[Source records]
_ _ _ _ _

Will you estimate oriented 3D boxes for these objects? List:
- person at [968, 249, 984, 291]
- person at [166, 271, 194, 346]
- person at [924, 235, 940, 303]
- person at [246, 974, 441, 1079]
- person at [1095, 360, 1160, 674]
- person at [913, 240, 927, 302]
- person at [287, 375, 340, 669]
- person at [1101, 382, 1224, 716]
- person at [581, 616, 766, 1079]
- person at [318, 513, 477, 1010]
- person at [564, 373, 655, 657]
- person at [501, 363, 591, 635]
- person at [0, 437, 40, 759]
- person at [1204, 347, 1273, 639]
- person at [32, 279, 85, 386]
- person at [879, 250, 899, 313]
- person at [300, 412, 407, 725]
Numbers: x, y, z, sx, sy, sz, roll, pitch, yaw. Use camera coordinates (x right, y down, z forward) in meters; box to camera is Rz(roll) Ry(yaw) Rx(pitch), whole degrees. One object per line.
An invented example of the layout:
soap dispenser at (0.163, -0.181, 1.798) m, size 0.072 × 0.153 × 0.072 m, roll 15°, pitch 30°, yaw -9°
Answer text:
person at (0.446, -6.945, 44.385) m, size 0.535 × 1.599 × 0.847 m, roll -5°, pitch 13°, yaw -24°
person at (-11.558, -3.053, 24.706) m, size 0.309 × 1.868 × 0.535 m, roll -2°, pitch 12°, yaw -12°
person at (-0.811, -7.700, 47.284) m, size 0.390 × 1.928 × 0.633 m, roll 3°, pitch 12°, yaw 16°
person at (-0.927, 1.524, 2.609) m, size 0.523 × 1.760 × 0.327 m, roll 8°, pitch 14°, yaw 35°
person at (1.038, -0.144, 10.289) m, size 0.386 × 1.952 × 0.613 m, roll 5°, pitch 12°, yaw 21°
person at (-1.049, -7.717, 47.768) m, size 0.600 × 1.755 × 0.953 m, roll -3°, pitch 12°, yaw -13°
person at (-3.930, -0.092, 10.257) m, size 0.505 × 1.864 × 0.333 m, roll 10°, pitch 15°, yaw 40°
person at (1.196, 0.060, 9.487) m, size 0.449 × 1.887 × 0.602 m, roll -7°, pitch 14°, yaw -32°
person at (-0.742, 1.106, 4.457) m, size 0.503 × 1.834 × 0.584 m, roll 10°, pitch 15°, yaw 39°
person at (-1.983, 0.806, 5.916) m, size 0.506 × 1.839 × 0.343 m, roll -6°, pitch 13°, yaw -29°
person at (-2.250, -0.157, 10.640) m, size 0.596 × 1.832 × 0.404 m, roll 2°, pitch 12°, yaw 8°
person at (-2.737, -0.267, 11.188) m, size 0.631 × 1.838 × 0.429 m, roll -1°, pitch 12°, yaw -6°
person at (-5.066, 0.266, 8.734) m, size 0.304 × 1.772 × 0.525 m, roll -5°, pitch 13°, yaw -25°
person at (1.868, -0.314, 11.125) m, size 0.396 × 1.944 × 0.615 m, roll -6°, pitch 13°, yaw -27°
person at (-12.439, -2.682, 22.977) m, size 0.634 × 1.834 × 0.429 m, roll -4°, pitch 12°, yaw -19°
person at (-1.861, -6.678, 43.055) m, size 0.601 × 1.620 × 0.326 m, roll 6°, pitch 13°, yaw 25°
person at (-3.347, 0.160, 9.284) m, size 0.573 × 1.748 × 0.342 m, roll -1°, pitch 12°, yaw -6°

_ _ _ _ _

> Task details:
Reply with the complete records, restated exactly.

> Solution for this exercise:
Will you estimate oriented 3D boxes for these objects? List:
- person at [968, 249, 984, 291]
- person at [166, 271, 194, 346]
- person at [924, 235, 940, 303]
- person at [246, 974, 441, 1079]
- person at [1095, 360, 1160, 674]
- person at [913, 240, 927, 302]
- person at [287, 375, 340, 669]
- person at [1101, 382, 1224, 716]
- person at [581, 616, 766, 1079]
- person at [318, 513, 477, 1010]
- person at [564, 373, 655, 657]
- person at [501, 363, 591, 635]
- person at [0, 437, 40, 759]
- person at [1204, 347, 1273, 639]
- person at [32, 279, 85, 386]
- person at [879, 250, 899, 313]
- person at [300, 412, 407, 725]
Numbers: x, y, z, sx, sy, sz, roll, pitch, yaw. Use camera coordinates (x right, y down, z forward) in meters; box to camera is Rz(roll) Ry(yaw) Rx(pitch), whole degrees. One object per line.
An invented example of the layout:
soap dispenser at (0.163, -0.181, 1.798) m, size 0.072 × 0.153 × 0.072 m, roll 15°, pitch 30°, yaw -9°
Answer text:
person at (0.446, -6.945, 44.385) m, size 0.535 × 1.599 × 0.847 m, roll -5°, pitch 13°, yaw -24°
person at (-11.558, -3.053, 24.706) m, size 0.309 × 1.868 × 0.535 m, roll -2°, pitch 12°, yaw -12°
person at (-0.811, -7.700, 47.284) m, size 0.390 × 1.928 × 0.633 m, roll 3°, pitch 12°, yaw 16°
person at (-0.927, 1.524, 2.609) m, size 0.523 × 1.760 × 0.327 m, roll 8°, pitch 14°, yaw 35°
person at (1.038, -0.144, 10.289) m, size 0.386 × 1.952 × 0.613 m, roll 5°, pitch 12°, yaw 21°
person at (-1.049, -7.717, 47.768) m, size 0.600 × 1.755 × 0.953 m, roll -3°, pitch 12°, yaw -13°
person at (-3.930, -0.092, 10.257) m, size 0.505 × 1.864 × 0.333 m, roll 10°, pitch 15°, yaw 40°
person at (1.196, 0.060, 9.487) m, size 0.449 × 1.887 × 0.602 m, roll -7°, pitch 14°, yaw -32°
person at (-0.742, 1.106, 4.457) m, size 0.503 × 1.834 × 0.584 m, roll 10°, pitch 15°, yaw 39°
person at (-1.983, 0.806, 5.916) m, size 0.506 × 1.839 × 0.343 m, roll -6°, pitch 13°, yaw -29°
person at (-2.250, -0.157, 10.640) m, size 0.596 × 1.832 × 0.404 m, roll 2°, pitch 12°, yaw 8°
person at (-2.737, -0.267, 11.188) m, size 0.631 × 1.838 × 0.429 m, roll -1°, pitch 12°, yaw -6°
person at (-5.066, 0.266, 8.734) m, size 0.304 × 1.772 × 0.525 m, roll -5°, pitch 13°, yaw -25°
person at (1.868, -0.314, 11.125) m, size 0.396 × 1.944 × 0.615 m, roll -6°, pitch 13°, yaw -27°
person at (-12.439, -2.682, 22.977) m, size 0.634 × 1.834 × 0.429 m, roll -4°, pitch 12°, yaw -19°
person at (-1.861, -6.678, 43.055) m, size 0.601 × 1.620 × 0.326 m, roll 6°, pitch 13°, yaw 25°
person at (-3.347, 0.160, 9.284) m, size 0.573 × 1.748 × 0.342 m, roll -1°, pitch 12°, yaw -6°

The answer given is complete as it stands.